▸ Task requirements: Lift out all lines below that contain "conntrack".

▸ The data:
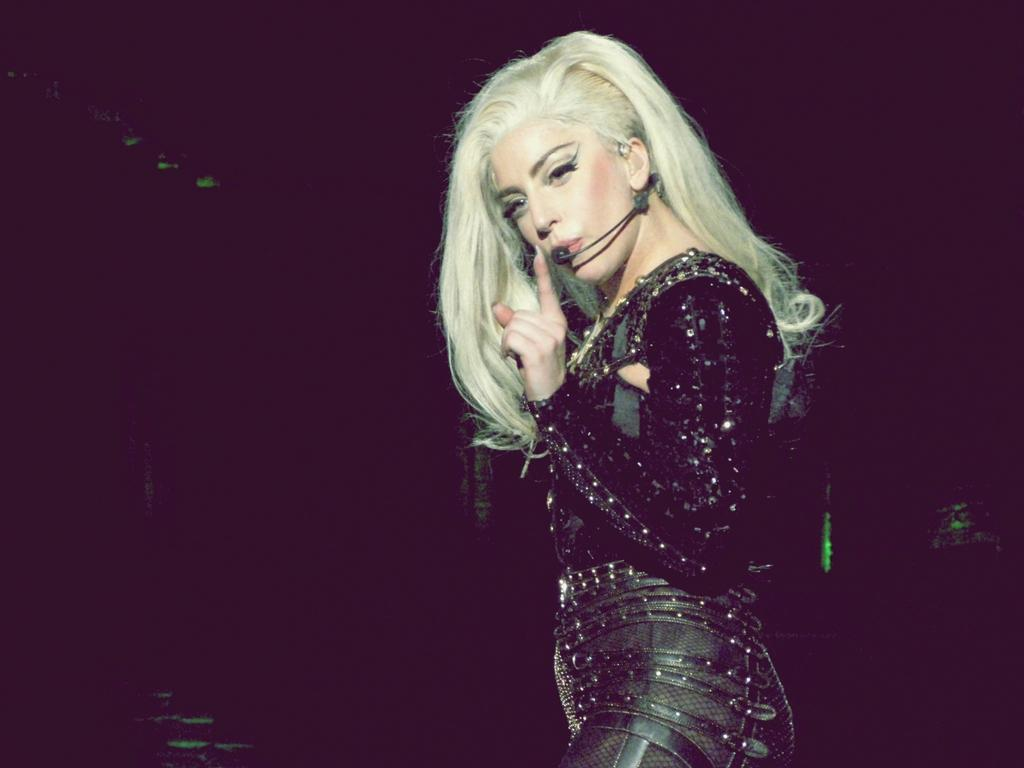What is the main subject of the image? The main subject of the image is a woman standing. Can you describe the background of the image? The background of the image is dark. What type of tool is the woman using to measure the distance in the image? There is no tool or indication of measuring distance present in the image. Can you see any police officers in the image? There is no mention or presence of police officers in the image. What is the woman wearing on her wrist in the image? There is no specific detail about the woman's wrist visible in the image. 
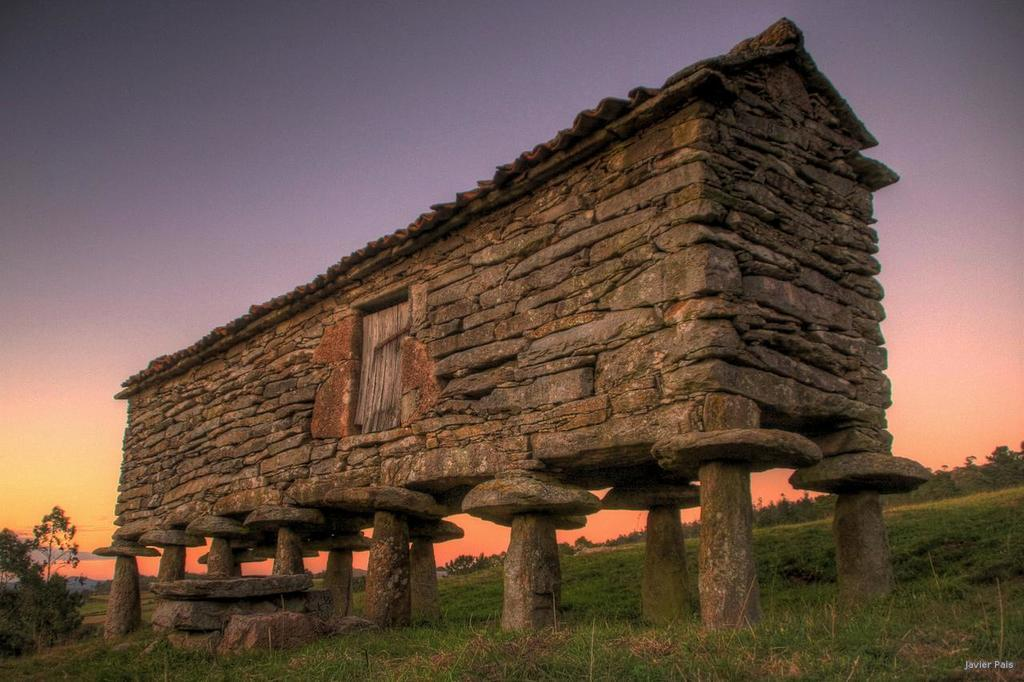What is the main structure visible in the foreground of the image? There is a hut in the foreground of the image. What is the hut standing on? The hut is standing on the grass. How is the hut supported? The hut is supported by pillars. What can be seen in the background of the image? There are trees and the sky visible in the background of the image. What is the condition of the sky in the image? The sky is visible with clouds in the background of the image. Can you tell me how many needles are sticking out of the hut in the image? There are no needles present in the image; the hut is supported by pillars. What type of walk is depicted in the image? There is no walk depicted in the image; it features a hut, grass, trees, and the sky. 
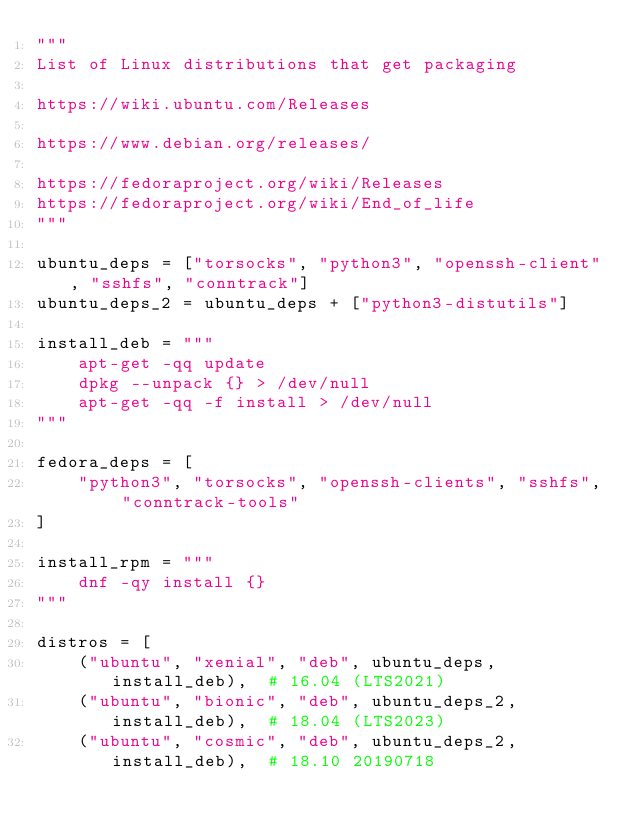<code> <loc_0><loc_0><loc_500><loc_500><_Python_>"""
List of Linux distributions that get packaging

https://wiki.ubuntu.com/Releases

https://www.debian.org/releases/

https://fedoraproject.org/wiki/Releases
https://fedoraproject.org/wiki/End_of_life
"""

ubuntu_deps = ["torsocks", "python3", "openssh-client", "sshfs", "conntrack"]
ubuntu_deps_2 = ubuntu_deps + ["python3-distutils"]

install_deb = """
    apt-get -qq update
    dpkg --unpack {} > /dev/null
    apt-get -qq -f install > /dev/null
"""

fedora_deps = [
    "python3", "torsocks", "openssh-clients", "sshfs", "conntrack-tools"
]

install_rpm = """
    dnf -qy install {}
"""

distros = [
    ("ubuntu", "xenial", "deb", ubuntu_deps, install_deb),  # 16.04 (LTS2021)
    ("ubuntu", "bionic", "deb", ubuntu_deps_2, install_deb),  # 18.04 (LTS2023)
    ("ubuntu", "cosmic", "deb", ubuntu_deps_2, install_deb),  # 18.10 20190718</code>

▸ Your solution:
ubuntu_deps = ["torsocks", "python3", "openssh-client", "sshfs", "conntrack"]
    "python3", "torsocks", "openssh-clients", "sshfs", "conntrack-tools"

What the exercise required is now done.